The answer is to be one number: the count of lines in this listing that have the string "instrument".
^^^^^^^^
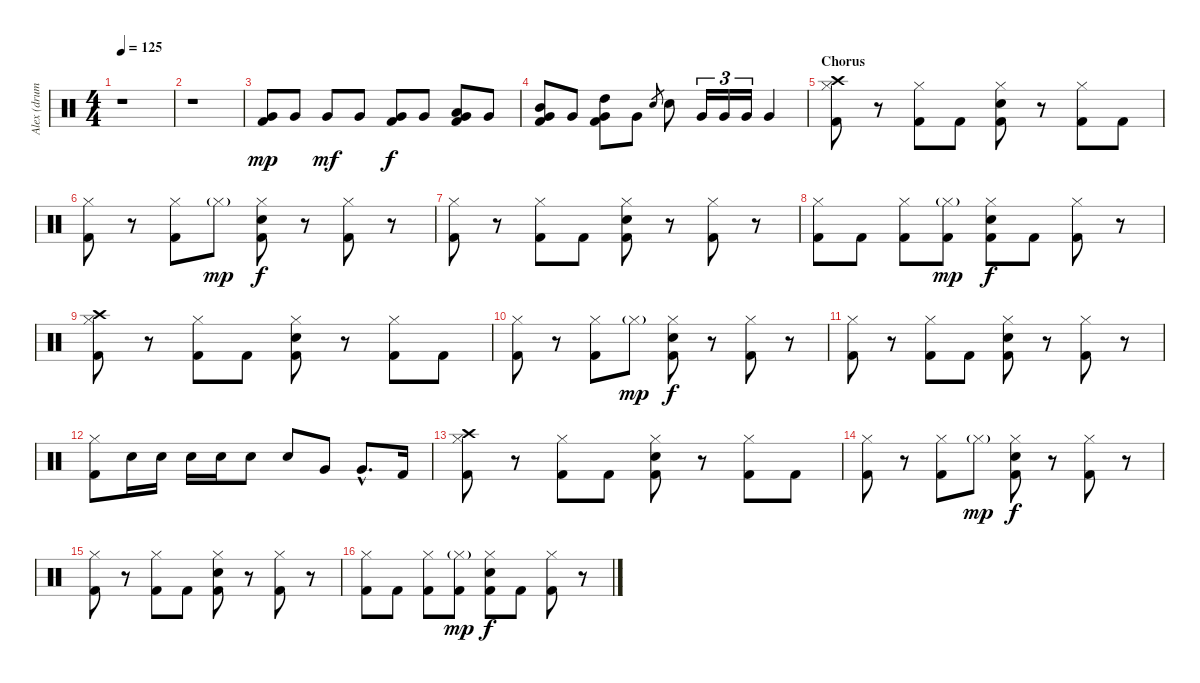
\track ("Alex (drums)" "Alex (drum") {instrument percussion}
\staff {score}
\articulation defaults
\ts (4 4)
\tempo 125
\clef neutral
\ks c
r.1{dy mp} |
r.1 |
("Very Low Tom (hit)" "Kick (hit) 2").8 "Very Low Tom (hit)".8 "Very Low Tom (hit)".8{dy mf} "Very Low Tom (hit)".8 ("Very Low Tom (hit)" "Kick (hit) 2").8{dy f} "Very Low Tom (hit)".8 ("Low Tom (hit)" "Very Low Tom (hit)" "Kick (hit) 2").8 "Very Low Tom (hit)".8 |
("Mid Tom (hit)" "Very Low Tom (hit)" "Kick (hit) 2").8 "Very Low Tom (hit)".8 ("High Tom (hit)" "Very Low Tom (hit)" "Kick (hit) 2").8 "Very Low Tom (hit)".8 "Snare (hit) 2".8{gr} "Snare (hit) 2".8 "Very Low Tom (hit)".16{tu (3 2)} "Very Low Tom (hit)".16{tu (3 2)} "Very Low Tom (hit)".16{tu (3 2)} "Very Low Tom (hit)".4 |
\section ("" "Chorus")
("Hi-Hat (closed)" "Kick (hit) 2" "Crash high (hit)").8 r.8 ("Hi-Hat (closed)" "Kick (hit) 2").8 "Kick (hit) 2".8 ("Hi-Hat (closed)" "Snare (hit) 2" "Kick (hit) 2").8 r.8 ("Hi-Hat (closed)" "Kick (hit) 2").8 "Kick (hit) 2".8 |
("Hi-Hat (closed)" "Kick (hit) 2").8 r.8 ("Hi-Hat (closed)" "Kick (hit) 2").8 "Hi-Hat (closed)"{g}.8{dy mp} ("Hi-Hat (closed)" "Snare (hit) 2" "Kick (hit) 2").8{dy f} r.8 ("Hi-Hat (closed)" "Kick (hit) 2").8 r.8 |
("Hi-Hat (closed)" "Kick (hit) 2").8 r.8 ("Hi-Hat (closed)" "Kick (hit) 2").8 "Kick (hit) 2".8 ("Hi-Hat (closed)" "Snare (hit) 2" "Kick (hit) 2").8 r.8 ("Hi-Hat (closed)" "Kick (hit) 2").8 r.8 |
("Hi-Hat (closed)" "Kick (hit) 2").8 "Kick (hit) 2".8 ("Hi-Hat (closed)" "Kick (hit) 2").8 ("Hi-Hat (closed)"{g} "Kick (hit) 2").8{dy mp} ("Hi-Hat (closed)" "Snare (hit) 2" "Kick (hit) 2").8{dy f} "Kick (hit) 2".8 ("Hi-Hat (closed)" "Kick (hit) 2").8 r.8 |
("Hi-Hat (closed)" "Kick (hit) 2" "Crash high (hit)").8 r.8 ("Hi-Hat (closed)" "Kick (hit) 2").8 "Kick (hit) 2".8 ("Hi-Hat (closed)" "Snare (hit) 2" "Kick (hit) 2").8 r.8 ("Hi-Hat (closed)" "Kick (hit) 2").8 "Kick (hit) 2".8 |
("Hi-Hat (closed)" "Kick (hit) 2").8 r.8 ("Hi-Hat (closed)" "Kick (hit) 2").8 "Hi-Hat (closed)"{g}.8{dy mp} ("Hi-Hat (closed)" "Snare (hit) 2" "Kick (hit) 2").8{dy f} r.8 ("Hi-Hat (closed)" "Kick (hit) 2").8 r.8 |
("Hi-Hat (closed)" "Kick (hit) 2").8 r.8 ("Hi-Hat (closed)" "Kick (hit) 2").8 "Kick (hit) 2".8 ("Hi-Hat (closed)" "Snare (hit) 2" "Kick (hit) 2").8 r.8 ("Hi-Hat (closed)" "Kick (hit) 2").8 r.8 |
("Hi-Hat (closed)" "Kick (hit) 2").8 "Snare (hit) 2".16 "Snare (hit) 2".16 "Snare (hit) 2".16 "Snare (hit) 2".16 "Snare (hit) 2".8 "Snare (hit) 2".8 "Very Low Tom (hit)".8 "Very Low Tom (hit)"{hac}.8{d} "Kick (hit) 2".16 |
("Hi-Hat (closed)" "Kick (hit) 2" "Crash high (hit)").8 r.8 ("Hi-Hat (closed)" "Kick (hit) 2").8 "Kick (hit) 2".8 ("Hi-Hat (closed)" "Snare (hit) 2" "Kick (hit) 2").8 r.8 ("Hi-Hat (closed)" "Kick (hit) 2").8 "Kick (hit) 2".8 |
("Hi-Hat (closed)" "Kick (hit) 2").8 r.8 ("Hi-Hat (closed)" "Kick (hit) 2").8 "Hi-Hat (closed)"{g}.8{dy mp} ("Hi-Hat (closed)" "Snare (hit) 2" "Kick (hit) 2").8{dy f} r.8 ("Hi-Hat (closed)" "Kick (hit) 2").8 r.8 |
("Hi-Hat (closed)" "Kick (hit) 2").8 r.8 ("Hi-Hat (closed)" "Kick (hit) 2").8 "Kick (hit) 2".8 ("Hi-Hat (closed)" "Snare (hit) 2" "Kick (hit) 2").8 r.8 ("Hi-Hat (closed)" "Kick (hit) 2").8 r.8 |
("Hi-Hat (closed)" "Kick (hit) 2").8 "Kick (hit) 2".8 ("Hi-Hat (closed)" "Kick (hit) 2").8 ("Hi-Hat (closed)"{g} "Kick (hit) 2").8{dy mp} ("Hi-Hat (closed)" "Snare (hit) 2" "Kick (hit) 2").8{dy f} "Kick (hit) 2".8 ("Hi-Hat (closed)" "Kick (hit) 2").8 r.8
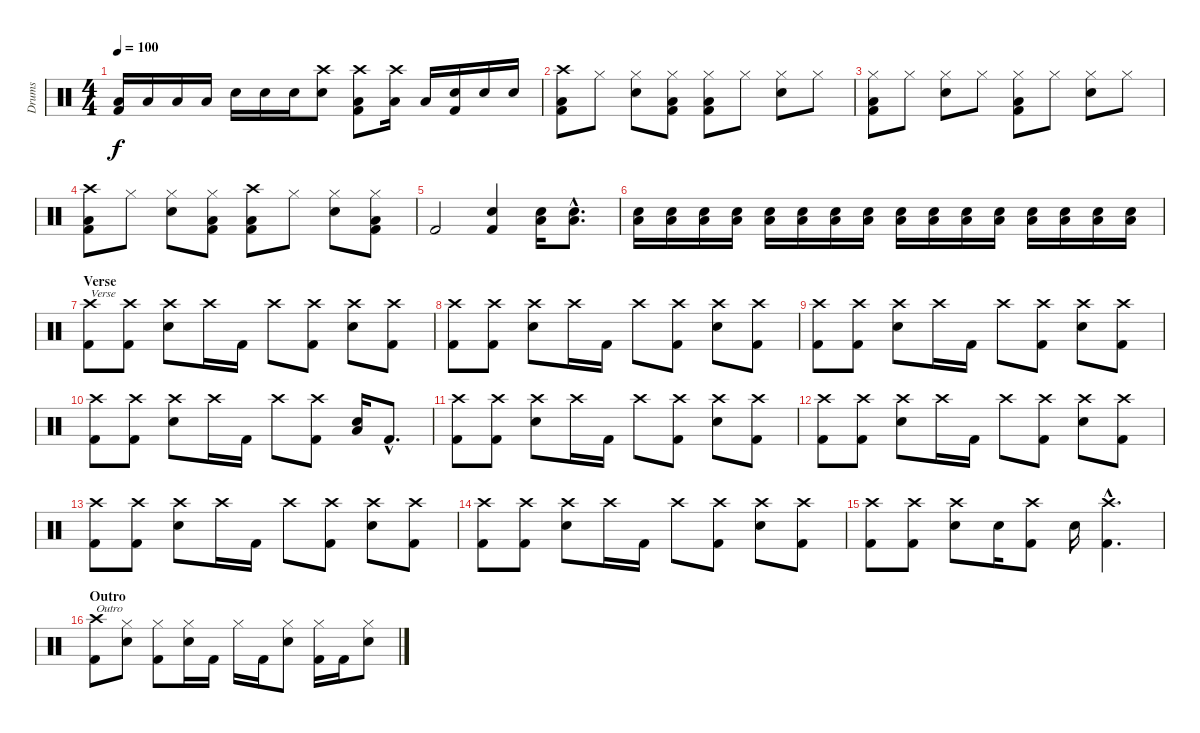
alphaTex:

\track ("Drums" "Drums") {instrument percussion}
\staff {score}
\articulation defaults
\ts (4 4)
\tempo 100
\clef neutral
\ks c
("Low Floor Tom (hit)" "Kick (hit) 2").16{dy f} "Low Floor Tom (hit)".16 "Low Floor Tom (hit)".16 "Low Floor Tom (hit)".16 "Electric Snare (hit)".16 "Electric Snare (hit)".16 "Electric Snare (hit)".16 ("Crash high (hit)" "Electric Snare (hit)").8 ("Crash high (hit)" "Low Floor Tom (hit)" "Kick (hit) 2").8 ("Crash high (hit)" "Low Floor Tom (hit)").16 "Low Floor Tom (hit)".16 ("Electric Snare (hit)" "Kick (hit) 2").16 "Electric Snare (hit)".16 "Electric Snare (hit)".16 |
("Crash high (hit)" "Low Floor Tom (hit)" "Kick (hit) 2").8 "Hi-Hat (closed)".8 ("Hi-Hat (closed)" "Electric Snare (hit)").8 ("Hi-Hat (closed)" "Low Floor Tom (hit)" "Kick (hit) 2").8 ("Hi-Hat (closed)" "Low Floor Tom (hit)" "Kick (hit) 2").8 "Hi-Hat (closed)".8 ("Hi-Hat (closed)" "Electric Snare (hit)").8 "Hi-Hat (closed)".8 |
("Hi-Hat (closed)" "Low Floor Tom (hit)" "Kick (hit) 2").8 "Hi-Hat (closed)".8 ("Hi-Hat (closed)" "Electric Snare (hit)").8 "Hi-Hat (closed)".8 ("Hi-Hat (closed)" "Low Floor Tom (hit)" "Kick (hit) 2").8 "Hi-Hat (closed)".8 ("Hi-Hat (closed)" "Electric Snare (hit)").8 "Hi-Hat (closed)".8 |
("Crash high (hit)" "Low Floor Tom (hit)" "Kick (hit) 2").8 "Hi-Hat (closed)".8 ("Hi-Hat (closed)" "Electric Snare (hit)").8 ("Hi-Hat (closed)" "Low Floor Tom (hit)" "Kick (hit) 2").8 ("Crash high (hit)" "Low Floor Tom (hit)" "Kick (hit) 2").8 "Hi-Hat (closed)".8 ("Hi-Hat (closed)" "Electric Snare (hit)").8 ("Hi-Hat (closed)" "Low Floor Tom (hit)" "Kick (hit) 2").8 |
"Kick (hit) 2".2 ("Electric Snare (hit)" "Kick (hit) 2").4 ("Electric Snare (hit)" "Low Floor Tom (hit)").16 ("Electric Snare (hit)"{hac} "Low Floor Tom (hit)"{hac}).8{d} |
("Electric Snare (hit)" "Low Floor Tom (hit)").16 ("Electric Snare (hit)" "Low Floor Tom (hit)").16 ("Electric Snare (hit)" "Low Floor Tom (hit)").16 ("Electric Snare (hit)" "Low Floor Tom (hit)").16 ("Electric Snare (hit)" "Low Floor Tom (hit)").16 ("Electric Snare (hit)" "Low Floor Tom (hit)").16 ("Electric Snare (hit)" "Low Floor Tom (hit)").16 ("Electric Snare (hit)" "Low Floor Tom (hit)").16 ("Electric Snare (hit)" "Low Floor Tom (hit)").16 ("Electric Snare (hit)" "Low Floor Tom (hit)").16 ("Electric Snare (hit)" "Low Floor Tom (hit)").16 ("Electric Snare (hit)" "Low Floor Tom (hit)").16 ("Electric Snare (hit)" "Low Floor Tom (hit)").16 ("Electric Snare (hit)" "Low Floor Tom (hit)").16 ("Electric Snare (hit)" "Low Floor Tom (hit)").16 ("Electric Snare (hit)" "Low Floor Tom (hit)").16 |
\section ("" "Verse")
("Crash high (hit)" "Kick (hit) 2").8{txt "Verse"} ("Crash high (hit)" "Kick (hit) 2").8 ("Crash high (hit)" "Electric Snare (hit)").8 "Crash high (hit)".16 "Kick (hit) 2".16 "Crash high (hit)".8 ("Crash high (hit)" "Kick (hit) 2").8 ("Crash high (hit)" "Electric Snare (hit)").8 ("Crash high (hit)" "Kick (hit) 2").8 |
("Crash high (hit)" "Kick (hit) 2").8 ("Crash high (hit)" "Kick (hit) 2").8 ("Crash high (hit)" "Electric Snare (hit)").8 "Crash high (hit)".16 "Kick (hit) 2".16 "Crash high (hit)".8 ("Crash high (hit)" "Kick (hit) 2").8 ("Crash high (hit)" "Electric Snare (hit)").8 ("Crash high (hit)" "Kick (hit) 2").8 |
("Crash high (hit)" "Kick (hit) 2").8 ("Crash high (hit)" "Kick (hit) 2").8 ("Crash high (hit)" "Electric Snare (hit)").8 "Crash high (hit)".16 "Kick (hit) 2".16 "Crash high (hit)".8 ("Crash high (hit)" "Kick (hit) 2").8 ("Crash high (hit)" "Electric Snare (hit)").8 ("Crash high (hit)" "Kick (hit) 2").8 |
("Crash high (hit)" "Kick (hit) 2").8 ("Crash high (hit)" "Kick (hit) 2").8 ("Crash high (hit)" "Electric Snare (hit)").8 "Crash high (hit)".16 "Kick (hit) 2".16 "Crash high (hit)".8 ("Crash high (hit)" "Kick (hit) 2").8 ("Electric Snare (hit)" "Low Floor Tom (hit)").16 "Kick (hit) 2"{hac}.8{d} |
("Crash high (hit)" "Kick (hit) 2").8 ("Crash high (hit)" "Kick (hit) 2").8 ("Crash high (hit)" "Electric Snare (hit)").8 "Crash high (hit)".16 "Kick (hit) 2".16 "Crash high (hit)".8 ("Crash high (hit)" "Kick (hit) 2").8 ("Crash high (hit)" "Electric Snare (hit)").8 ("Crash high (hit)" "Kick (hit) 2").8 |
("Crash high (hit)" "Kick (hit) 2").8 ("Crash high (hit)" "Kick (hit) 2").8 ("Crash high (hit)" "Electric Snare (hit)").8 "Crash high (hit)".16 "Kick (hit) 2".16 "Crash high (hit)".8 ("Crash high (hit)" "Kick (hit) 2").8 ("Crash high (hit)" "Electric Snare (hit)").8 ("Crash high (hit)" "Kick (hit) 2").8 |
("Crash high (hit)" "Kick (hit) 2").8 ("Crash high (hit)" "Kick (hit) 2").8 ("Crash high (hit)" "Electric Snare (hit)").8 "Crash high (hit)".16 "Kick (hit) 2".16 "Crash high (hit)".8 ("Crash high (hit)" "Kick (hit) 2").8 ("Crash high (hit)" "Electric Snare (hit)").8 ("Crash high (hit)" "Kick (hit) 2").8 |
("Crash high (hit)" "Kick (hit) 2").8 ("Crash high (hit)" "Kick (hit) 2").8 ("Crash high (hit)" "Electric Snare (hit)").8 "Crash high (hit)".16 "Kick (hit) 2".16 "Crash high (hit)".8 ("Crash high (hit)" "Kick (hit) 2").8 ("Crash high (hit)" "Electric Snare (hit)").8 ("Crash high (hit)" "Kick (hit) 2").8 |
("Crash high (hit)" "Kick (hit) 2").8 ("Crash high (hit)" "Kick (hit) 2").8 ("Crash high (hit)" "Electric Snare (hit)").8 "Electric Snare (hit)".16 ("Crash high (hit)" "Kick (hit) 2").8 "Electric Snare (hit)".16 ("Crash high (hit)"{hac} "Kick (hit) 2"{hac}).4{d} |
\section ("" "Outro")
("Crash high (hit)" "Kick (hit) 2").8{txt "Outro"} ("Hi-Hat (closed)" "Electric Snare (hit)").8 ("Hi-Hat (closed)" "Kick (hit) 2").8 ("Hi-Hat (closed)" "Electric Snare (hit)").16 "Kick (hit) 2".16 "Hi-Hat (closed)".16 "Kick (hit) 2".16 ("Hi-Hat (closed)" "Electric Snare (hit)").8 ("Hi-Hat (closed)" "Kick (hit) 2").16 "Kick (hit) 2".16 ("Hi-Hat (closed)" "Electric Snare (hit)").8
^^^^^^^^
**Output of the task**
2